### DIRECTIONS
Go through the records below and copy out every line that contains the word "text".

Records from a data source
BEGIN

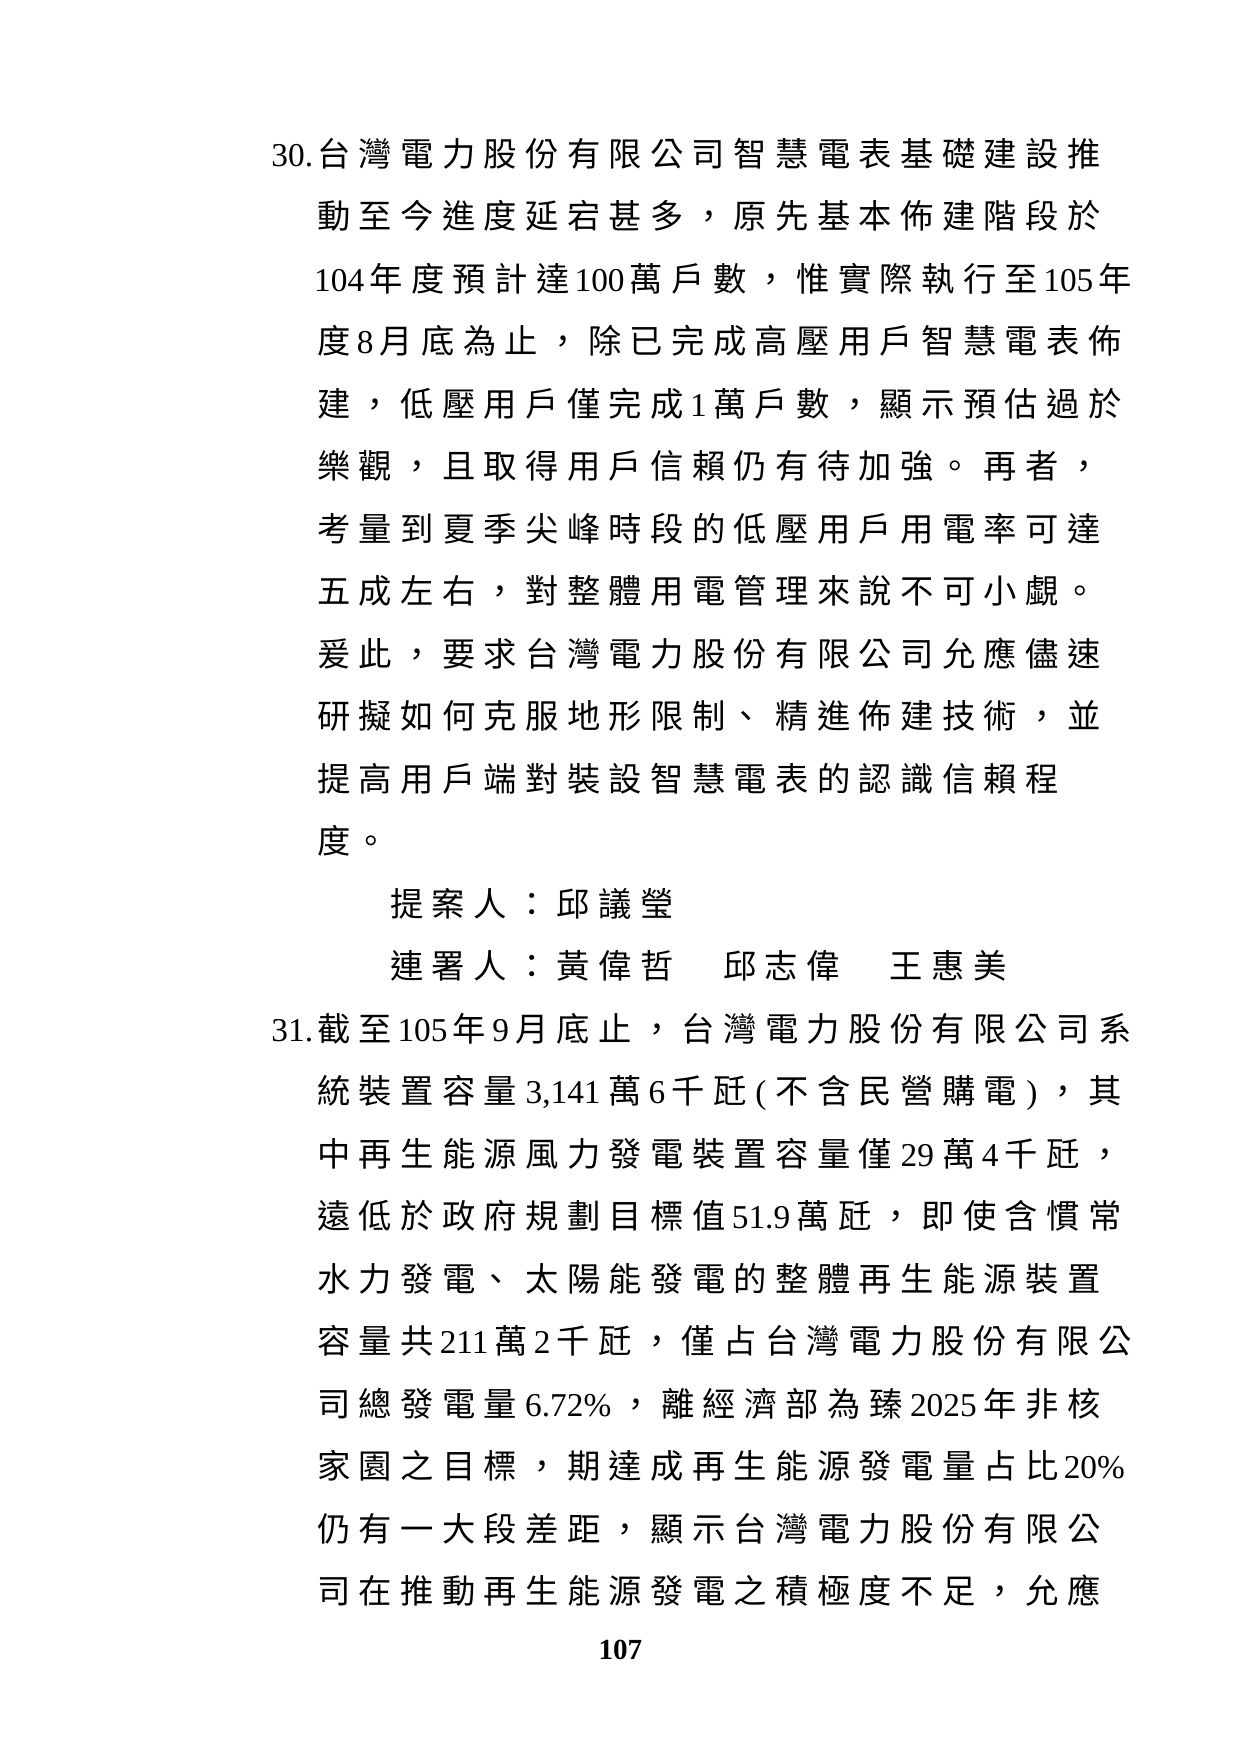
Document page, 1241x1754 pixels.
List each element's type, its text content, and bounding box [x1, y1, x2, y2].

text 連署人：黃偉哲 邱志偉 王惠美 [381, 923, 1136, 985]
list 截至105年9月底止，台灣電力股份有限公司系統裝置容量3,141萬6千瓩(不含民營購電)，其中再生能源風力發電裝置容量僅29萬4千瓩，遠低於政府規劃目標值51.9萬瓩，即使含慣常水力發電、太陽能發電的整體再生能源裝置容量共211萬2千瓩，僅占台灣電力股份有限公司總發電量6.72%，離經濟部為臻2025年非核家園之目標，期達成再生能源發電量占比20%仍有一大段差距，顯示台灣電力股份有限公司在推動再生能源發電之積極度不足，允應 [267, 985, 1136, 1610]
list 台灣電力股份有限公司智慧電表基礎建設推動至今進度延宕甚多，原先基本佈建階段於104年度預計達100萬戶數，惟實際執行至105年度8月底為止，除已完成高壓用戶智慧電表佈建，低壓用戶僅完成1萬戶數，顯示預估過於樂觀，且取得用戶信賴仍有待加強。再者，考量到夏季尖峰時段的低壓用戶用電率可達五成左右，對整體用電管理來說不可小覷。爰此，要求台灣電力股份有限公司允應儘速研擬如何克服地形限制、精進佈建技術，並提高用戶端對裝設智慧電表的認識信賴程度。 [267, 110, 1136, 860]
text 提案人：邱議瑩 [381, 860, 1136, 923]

END

### YOUR SOLUTION
List each element's type, its text content, and bounding box [x1, y1, x2, y2].
text 連署人：黃偉哲 邱志偉 王惠美 [381, 923, 1136, 985]
text 提案人：邱議瑩 [381, 860, 1136, 923]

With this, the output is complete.